Ice storm cancels flights, chokes highways in Texas

Ice storm cancels flights, chokes highways in Texas

Austin, Texas: Tuesday's ice storm caused by winter weather caused more than 1,700 flight cancellations nationwide and gridlocked highways. Texas' slippery roads claimed the lives of at least two people, and two law enforcement officials in the state, including a deputy who was pinned under a truck, suffered serious injuries.

On Tuesday, watches and warnings were issued from West Virginia all the way to Texas' western heel as the ice storm moved east. The federal Weather Prediction Center warned that several rounds of mixed precipitation, including sleet and freezing rain, were expected for many regions through Wednesday. As a result, some areas might experience more than one round of flooding.

Texas' Republican governor, Greg Abbott, urged citizens to avoid the roads as emergency personnel flocked to hundreds of auto accidents across the state.

Authorities reported that one person was killed in an early-morning collision Tuesday in Austin. According to the Arlington Police Department, a 45-year-old man also passed away on Monday night after his SUV rolled down an embankment near Dallas and into a guardrail.

According to the flight tracking service FlightAware, more than 900 flights to or from Dallas-Fort Worth International Airport and more than 250 flights to or from Dallas Love Field were cancelled or delayed on Tuesday. By Tuesday afternoon, more than half of Tuesday's scheduled flights at Dallas-Fort Worth had been cancelled.

According to Steve McCraw, director of the Texas Department of Public Safety, another accident resulted in a Texas state trooper being hospitalized with serious injuries after being struck by a driver who lost control of their car. "Roadways are currently very dangerous. We cannot emphasize that enough, said Abbott.

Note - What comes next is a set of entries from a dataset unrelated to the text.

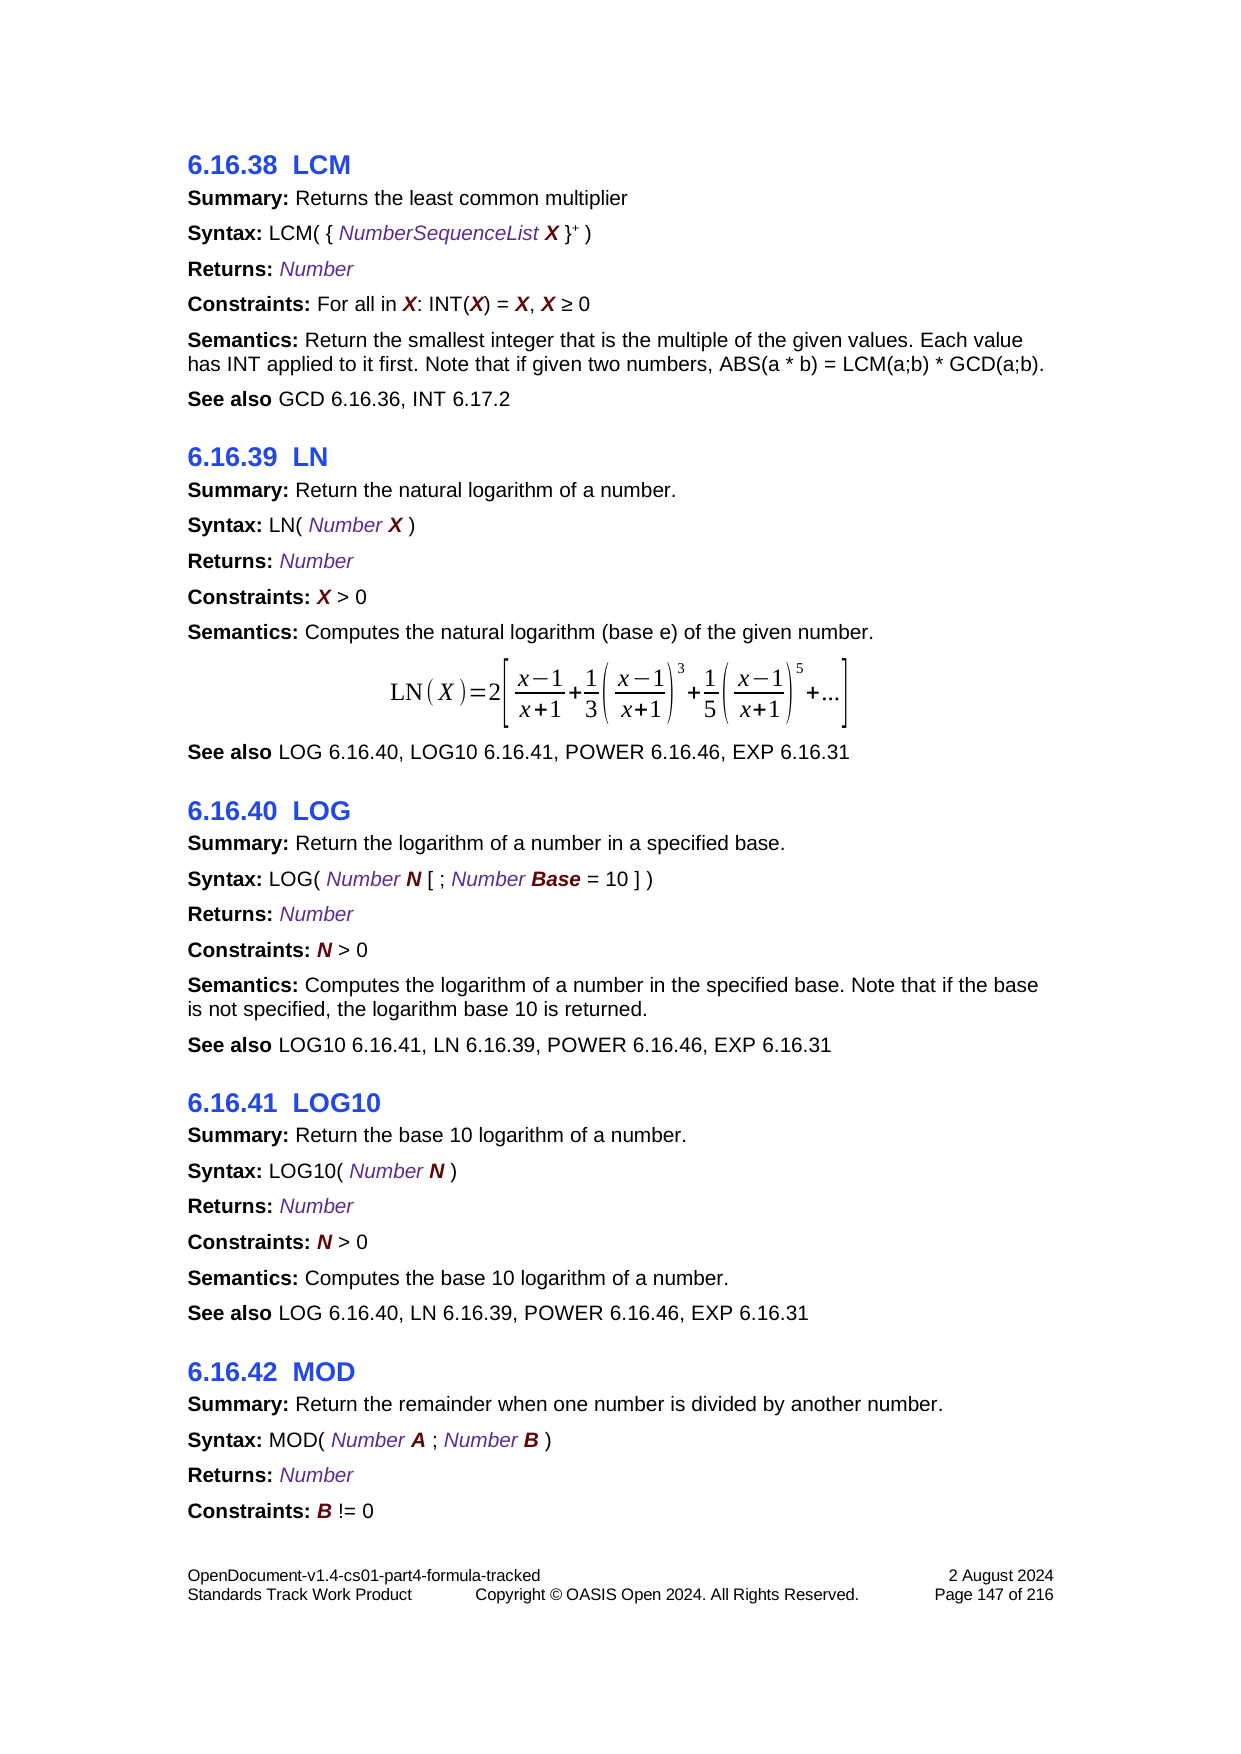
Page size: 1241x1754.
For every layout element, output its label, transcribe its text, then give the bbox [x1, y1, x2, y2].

text Summary: Return the base 10 logarithm of a number. [187, 1124, 1053, 1147]
text Semantics: Computes the logarithm of a number in the specified base. Note that if the base is not specified, the logarithm base 10 is returned. [187, 974, 1053, 1021]
text See also LOG 6.16.40, LN 6.16.39, POWER 6.16.46, EXP 6.16.31 [187, 1302, 1053, 1325]
subtitle LOG [187, 795, 1053, 825]
subtitle LOG10 [187, 1088, 1053, 1118]
text Constraints: X > 0 [187, 585, 1053, 609]
text Summary: Returns the least common multiplier [187, 186, 1053, 209]
text Constraints: For all in X: INT(X) = X, X ≥ 0 [187, 293, 1053, 316]
text See also LOG10 6.16.41, LN 6.16.39, POWER 6.16.46, EXP 6.16.31 [187, 1033, 1053, 1057]
text Syntax: MOD( Number A ; Number B ) [187, 1428, 1053, 1452]
text Semantics: Computes the base 10 logarithm of a number. [187, 1266, 1053, 1290]
subtitle LN [187, 442, 1053, 472]
text Returns: Number [187, 1195, 1053, 1218]
subtitle MOD [187, 1356, 1053, 1386]
text See also LOG 6.16.40, LOG10 6.16.41, POWER 6.16.46, EXP 6.16.31 [187, 741, 1053, 764]
text Summary: Return the remainder when one number is divided by another number. [187, 1392, 1053, 1416]
text Semantics: Computes the natural logarithm (base e) of the given number. [187, 621, 1053, 644]
text Constraints: N > 0 [187, 1231, 1053, 1254]
text Returns: Number [187, 257, 1053, 281]
text See also GCD 6.16.36, INT 6.17.2 [187, 388, 1053, 411]
text Summary: Return the natural logarithm of a number. [187, 478, 1053, 502]
text Syntax: LOG10( Number N ) [187, 1159, 1053, 1183]
text Returns: Number [187, 549, 1053, 573]
text Constraints: B != 0 [187, 1499, 1053, 1523]
text Returns: Number [187, 1464, 1053, 1487]
text Syntax: LOG( Number N [ ; Number Base = 10 ] ) [187, 867, 1053, 891]
text Summary: Return the logarithm of a number in a specified base. [187, 831, 1053, 855]
subtitle LCM [187, 150, 1053, 180]
text Syntax: LN( Number X ) [187, 514, 1053, 537]
text Semantics: Return the smallest integer that is the multiple of the given values. Each value has INT applied to it first. Note that if given two numbers, ABS(a * b) = LCM(a;b) * GCD(a;b). [187, 328, 1053, 376]
text Returns: Number [187, 903, 1053, 926]
text Constraints: N > 0 [187, 938, 1053, 962]
text Syntax: LCM( { NumberSequenceList X }+ ) [187, 222, 1053, 245]

Memphis-Shelby County Schools made the decision to cancel classes for Wednesday due to freezing rain and hazardous driving conditions as ice and sleet engulfed Memphis, Tennessee. About 100,000 students attend the school system. By six in the morning tomorrow, the University of Memphis promised to reveal its Wednesday class schedule.

Due to the ice storm, Republican governor Sarah Huckabee Sanders of Arkansas on Tuesday proclaimed a state of emergency. In her statement, Sanders cited the "likelihood of numerous downed power lines" and claimed that poor road conditions have caused a backlog in commercial drivers' deliveries. According to the Forrest City area's fire department, Interstate 40, one of Arkansas' main thoroughfares, was ice-coated and "extremely hazardous" on Tuesday.

Tuesday morning, according to Division Chief Jeremy Sharp by phone, the department responded to about 15 other crashes in addition to two serious collisions. According to him, the drivers often speed up on the highway but have trouble when they get to a bridge.

John Gadberry, who lives in Colt, Arkansas, not far from the highway, said that when I-40 shuts down in that manner, there may be hours of waiting. Due to its slight elevation, Interstate 40 is frequently among the first things to freeze over.

The Arkansas Department of Transportation reported that I-40 had been cleared by late Tuesday morning and that traffic had resumed. Memphis, Tennessee, and Little Rock, Arkansas, are connected by the interstate.

According to National Weather Service meteorologist Marc Chenard, the storm started on Monday as part of an expected "several rounds" of wintry precipitation across Texas, Oklahoma, Arkansas, and Tennessee through Wednesday.

According to Chenard, there has been "generally light to moderate freezing rain" with "some pretty significant ice amounts."

As far south as Austin, Texas, up to Dallas over to Little Rock, Arkansas, towards Memphis, Tennessee, and even getting close to Nashville, Tennessee, Chenard said, "We're expecting ice accumulations potentially a quarter inch or higher."

The cancellations and delays are in response to Southwest's meltdown in December, which started with a winter storm but persisted even after most other airlines had recovered. Over the final 10 days of the year, Southwest cancelled about 16,700 flights, and the U.S. Transportation Department is looking into it.

The weather service has issued ice storm warnings across the middle of Arkansas into western Tennessee as well as a winter storm warning for parts of southeastern Oklahoma and a large portion of Texas.

In most of the remaining Arkansas and Tennessee, as well as in most of Kentucky, West Virginia, and southern Indiana and Ohio, a winter weather advisory is in effect.

Tuesday was scheduled to be a closed or virtual learning day for schools and colleges in Texas, Oklahoma, and Arkansas.